For Apache Hadoop 2.2.X, 2.1.X, 2.0.X, 0.23.x, Cloudera CDH MRv2, and other Hadoop versions with YARN, also set SPARK_YARN=true:

# Apache Hadoop 2.0.5-alpha
$ SPARK_HADOOP_VERSION=2.0.5-alpha SPARK_YARN=true sbt/sbt assembly

# Cloudera CDH 4.2.0 with MapReduce v2
$ SPARK_HADOOP_VERSION=2.0.0-cdh4.2.0 SPARK_YARN=true sbt/sbt assembly

# Apache Hadoop 2.2.X and newer
$ SPARK_HADOOP_VERSION=2.2.0 SPARK_YARN=true sbt/sbt assembly

When developing a Spark application, specify the Hadoop version by adding the "hadoop-client" artifact to your project's dependencies.
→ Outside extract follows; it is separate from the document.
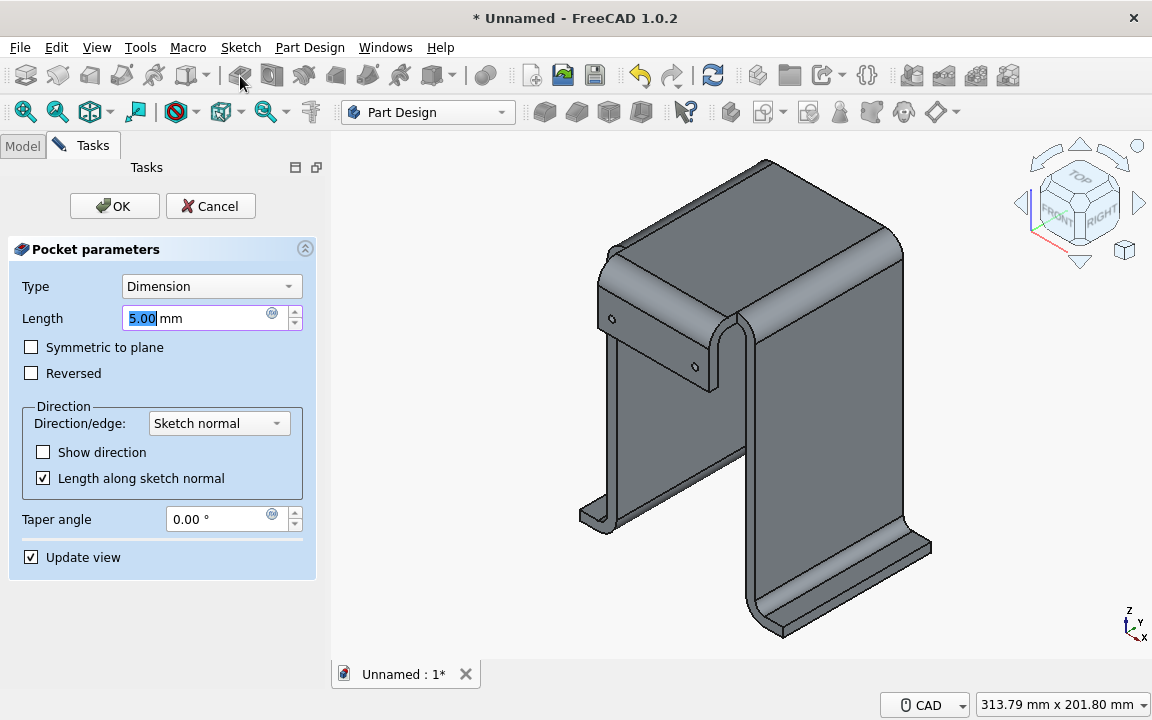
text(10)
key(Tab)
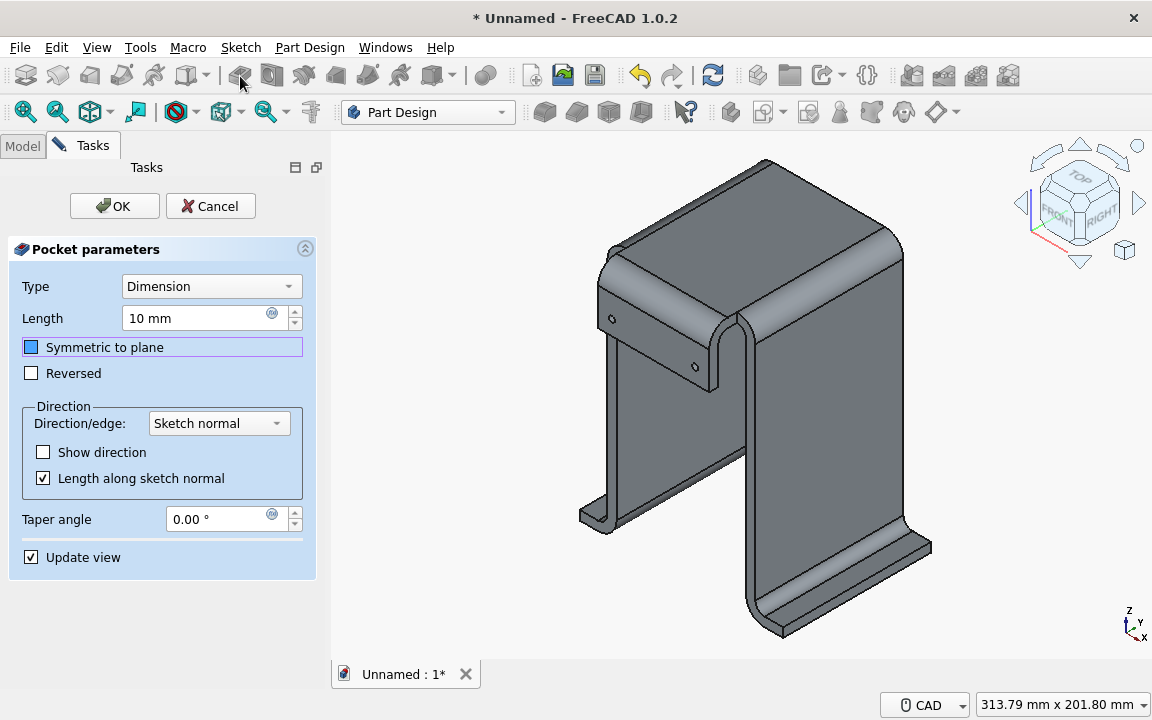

For example, if you're using Hadoop 1.2.1 and build your application using SBT, add this entry to libraryDependencies:

"org.apache.hadoop" % "hadoop-client" % "1.2.1"

If your project is built with Maven, add this to your POM file's <dependencies> section:

<dependency>
  <groupId>org.apache.hadoop</groupId>
  <artifactId>hadoop-client</artifactId>
  <version>1.2.1</version>
</dependency>

Configuration

Please refer to the Configuration guide in the online documentation for an overview on how to configure Spark.

Contributing to Spark

Contributions via GitHub pull requests are gladly accepted from their original author. Along with any pull requests, please state that the contribution is your original work and that you license the work to the project under the project's open source license. Whether or not you state this explicitly, by submitting any copyrighted material via pull request, email, or other means you agree to license the material under the project's open source license and warrant that you have the legal authority to do so.